**Exercise data**
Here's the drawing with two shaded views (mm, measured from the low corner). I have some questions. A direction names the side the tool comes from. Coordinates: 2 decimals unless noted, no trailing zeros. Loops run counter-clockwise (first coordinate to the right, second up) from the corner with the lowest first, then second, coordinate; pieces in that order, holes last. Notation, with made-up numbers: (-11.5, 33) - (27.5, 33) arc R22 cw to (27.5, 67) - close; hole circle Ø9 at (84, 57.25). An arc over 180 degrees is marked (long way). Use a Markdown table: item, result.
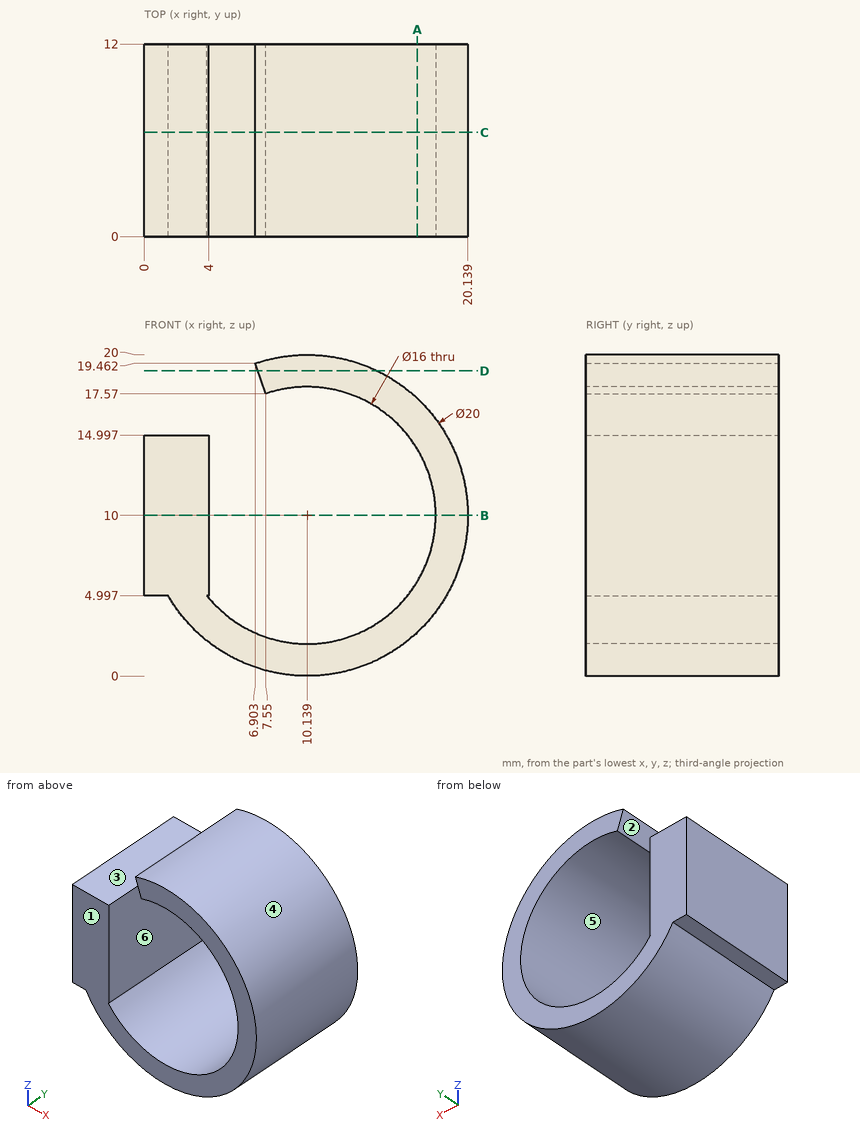
Q1. Will these pins go through, and if not, where does the flat tip stop? P1, Ø3, axis at y = 2.5, z = 15.5, coming from the +X side (1 decimal); P2, Ø3, axis at x = 2.5, y = 6.5, coming from the +Z side; P3, Ø1, axis at y = 7.5, z = 15, coming from the +X side.
Check values:
| item | result |
|---|---|
| P1 | x = 19.3 |
| P2 | z = 15 |
| P3 | x = 19.07 |
Q2. I want a section at A-A, the plane x = 17. Write out the boundary of the cut face in (y, z) (1 decimal).
Check values:
| item | result |
|---|---|
| outline | (0, 2.7) - (12, 2.7) - (12, 5.9) - (0, 5.9) - close; (0, 14.1) - (12, 14.1) - (12, 17.3) - (0, 17.3) - close |
Q3. I want a section at C-C, the plane y = 6.5. Write out the boundary of the cut face in (x, z).
Check values:
| item | result |
|---|---|
| outline | (0, 5) - (1.48, 5) arc R10 ccw (long way) to (6.9, 19.46) - (7.55, 17.57) arc R8 cw (long way) to (3.9, 5) - (4, 5) - (4, 15) - (0, 15) - close |
Q4. Which directions (+Z, -Z, +X, -X, +Y, -Y) give clear straight access to the entire face, cutting with the end or side of a thin tool? Please do the marked faces 1 and 2.
Check values:
| item | result |
|---|---|
| face 1 | +Z, -Z, +X, -X, -Y |
| face 2 | -X, +Y, -Y |
Q5. I want a section at B-B, the plane z = 10. Write out the boundary of the cut face in (x, y), then the cut area to 3 significant figures.
Check values:
| item | result |
|---|---|
| outline | (0, 0) - (4, 0) - (4, 12) - (0, 12) - close; (18.14, 0) - (20.14, 0) - (20.14, 12) - (18.14, 12) - close |
| area | 72.0 mm^2 |
Q6. If we mould it in two halves opening along X, with no side actions, what happens to the marked faces 3, 4, 5 and 6? For each: pulls with the +X half, pulls with the -X half, needs draft (parallel to the pull), parting line crosses it, or undercut.
Check values:
| item | result |
|---|---|
| face 3 | needs draft |
| face 4 | parting line crosses it |
| face 5 | undercut |
| face 6 | undercut |
Q7. Please list where these lines run through material, in increasing order: L1, parallel to X at y = 5.5, z = 10; L2, parallel to Z at x = 11.25, y = 8.5; L3, parallel to X at y = 6, z = 12 (1 decimal). Write a range as from..to.
Check values:
| item | result |
|---|---|
| L1 | 0..4, 18.14..20.14 |
| L2 | 0.06..2.08, 17.92..19.94 |
| L3 | 0..4, 17.9..19.9 |
Q8. I want a section at D-D, the plane z = 19. Write out the boundary of the cut face in (x, y).
Check values:
| item | result |
|---|---|
| outline | (7.06, 0) - (14.5, 0) - (14.5, 12) - (7.06, 12) - close |

**Prompt**
Wherever the string "draft" occurs in the listing, return the line it sits on.

**Task answer**
Q6. If we mould it in two halves opening along X, with no side actions, what happens to the marked faces 3, 4, 5 and 6? For each: pulls with the +X half, pulls with the -X half, needs draft (parallel to the pull), parting line crosses it, or undercut.
| face 3 | needs draft |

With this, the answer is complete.